Tranexamic acid for epistaxis in hereditary hemorrhagic telangiectasia patients: a European cross-over controlled trial in a rare disease

Abstract

Background: Hereditary hemorrhagic telangiectasia (HHT) is a genetic disorder associated with abnormal angiogenesis and disabling epistaxis. Tranexamic acid (TA) has been widely used in the treatment of these severe bleeds but with no properly designed trial.

Objectives: To demonstrate the efficacy of TA in epistaxis in HHT patients and to explore its safety of use.
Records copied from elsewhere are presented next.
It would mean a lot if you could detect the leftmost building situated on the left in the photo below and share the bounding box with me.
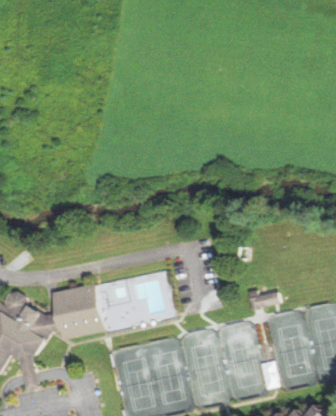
[0,291,29,316]
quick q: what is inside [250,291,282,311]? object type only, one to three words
building
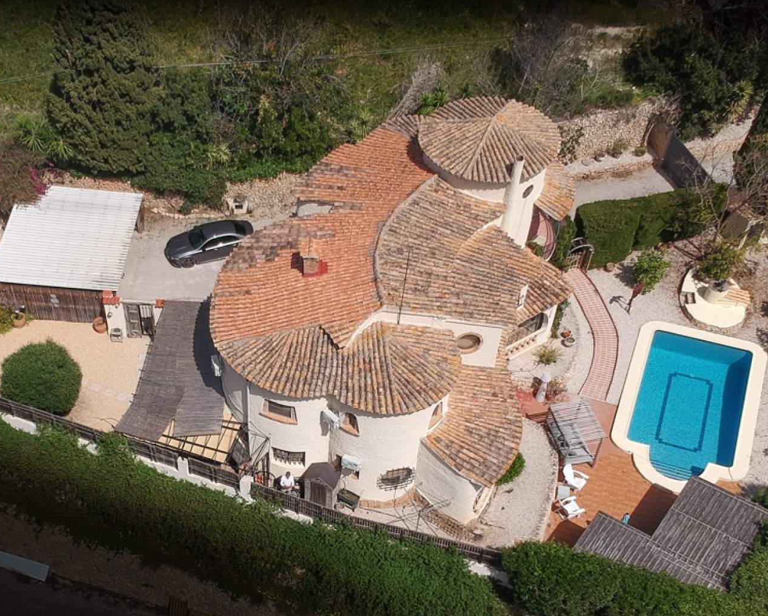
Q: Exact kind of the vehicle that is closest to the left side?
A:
automobile
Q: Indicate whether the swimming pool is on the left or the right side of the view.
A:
right
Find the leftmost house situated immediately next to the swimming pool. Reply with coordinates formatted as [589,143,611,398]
[207,100,577,525]
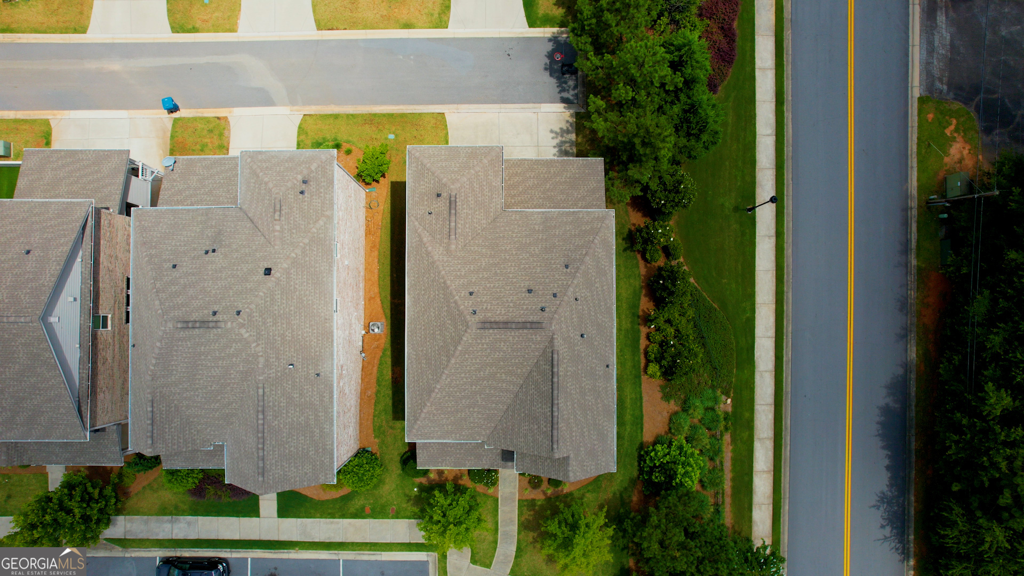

Patients/methods: A randomized, placebo-controlled, double-blind, cross-over trial was conducted. Participants were randomized to receive TA (3 g a day) then placebo or the opposite sequence. The main analysis compared intra-individual mean duration of epistaxis under TA vs. placebo on a log scale. The primary outcome was the mean duration of epistaxis per month, assessed with specific grids to be completed by participants. The number of epistaxis episodes was recorded as a secondary outcome.

Results: A total of 118 randomized patients contributed to the statistical analysis. The mean duration of epistaxis per month was significantly shorter with TA than placebo (0.19 on the log scale; SD = 0.07; P = 0.005), corresponding to a decrease of 17.3% (15.7 min) in the duration of epistaxis per month (CI 95%, 5.5-27.6). The median number of epistaxis episodes per month was 22.1 episodes in the placebo arm vs. 23.3 episodes in the TA arm. No thrombophlebitis was observed.

Conclusions: In the ATERO study, we demonstrated a significant decrease in the duration of epistaxis in HHT patients taking TA. No safety issues were recorded in our cohort of patients.

Keywords: Osler-Rendu disease; epistaxis; hereditary hemorrhagic telangiectasia; randomized controlled trial; tranexamic acid.